EXERCISE | Your reply should be a single number, the count of lines in the records that contain "listed".

RECORDS FOR THE EXERCISE |
___
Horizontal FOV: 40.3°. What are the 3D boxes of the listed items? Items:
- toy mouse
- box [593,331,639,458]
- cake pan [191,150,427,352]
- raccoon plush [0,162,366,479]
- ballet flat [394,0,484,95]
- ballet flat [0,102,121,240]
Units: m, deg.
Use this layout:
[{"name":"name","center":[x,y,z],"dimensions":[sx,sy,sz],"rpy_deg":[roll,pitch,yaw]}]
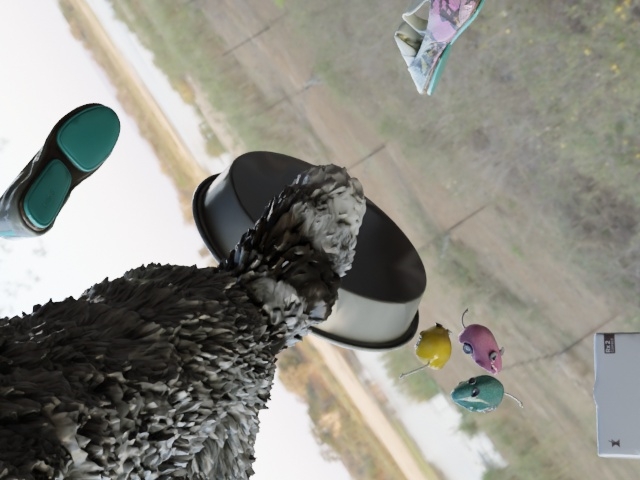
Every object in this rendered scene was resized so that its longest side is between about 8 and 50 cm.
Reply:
[{"name":"toy mouse","center":[0.173,0.136,0.954],"dimensions":[0.143,0.031,0.161],"rpy_deg":[36,-143,0]},{"name":"box","center":[0.502,0.231,1.286],"dimensions":[0.119,0.181,0.181],"rpy_deg":[33,-124,-64]},{"name":"cake pan","center":[0.000,0.000,0.963],"dimensions":[0.293,0.054,0.293],"rpy_deg":[28,-154,-15]},{"name":"raccoon plush","center":[-0.137,0.043,0.619],"dimensions":[0.216,0.447,0.299],"rpy_deg":[18,155,15]},{"name":"ballet flat","center":[0.133,-0.252,1.052],"dimensions":[0.079,0.077,0.221],"rpy_deg":[25,163,1]},{"name":"ballet flat","center":[-0.294,-0.080,0.959],"dimensions":[0.072,0.068,0.213],"rpy_deg":[57,-145,-30]}]
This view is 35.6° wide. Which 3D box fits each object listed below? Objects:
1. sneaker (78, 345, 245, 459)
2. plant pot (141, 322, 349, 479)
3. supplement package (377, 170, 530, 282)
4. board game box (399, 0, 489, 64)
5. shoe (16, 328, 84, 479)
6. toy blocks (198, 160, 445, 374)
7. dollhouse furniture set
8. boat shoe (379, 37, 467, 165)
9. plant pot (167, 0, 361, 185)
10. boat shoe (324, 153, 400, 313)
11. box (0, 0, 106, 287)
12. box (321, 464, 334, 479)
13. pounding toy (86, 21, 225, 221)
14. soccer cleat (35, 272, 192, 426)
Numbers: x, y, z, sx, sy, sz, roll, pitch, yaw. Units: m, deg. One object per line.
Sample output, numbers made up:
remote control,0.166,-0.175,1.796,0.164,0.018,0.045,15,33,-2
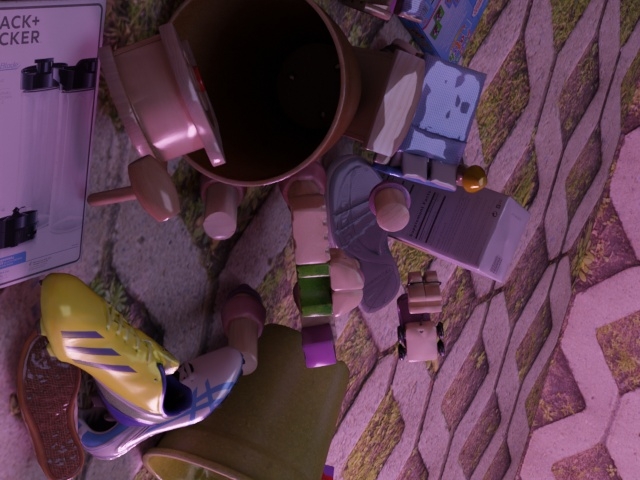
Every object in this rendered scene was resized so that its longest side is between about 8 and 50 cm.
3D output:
sneaker,-0.208,0.201,1.286,0.237,0.085,0.086,-29,126,-3
plant pot,-0.083,0.272,1.478,0.254,0.276,0.276,-63,153,-28
supplement package,0.212,-0.040,1.717,0.139,0.244,0.133,24,89,-60
board game box,0.211,-0.394,1.671,0.160,0.039,0.211,-63,150,-5
shoe,-0.329,0.192,1.199,0.077,0.058,0.219,-14,121,-30
toy blocks,0.000,0.000,1.395,0.260,0.309,0.288,-95,180,-59
dollhouse furniture set,0.176,-0.220,1.446,0.303,0.198,0.286,14,98,-31
boat shoe,0.153,-0.197,1.665,0.095,0.112,0.335,-42,141,-7
plant pot,-0.044,-0.197,1.239,0.254,0.237,0.237,-23,131,-69
boat shoe,0.054,-0.016,1.646,0.118,0.103,0.320,-34,135,-15
box,-0.311,-0.103,0.972,0.169,0.087,0.290,-20,127,-53
box,-0.079,0.464,1.678,0.293,0.057,0.200,30,60,-52
pounding toy,-0.192,-0.132,1.012,0.155,0.269,0.154,-20,115,0
soccer cleat,-0.228,0.121,1.132,0.289,0.121,0.093,70,16,-51
___
RESULT OF THIS EXERCISE | 2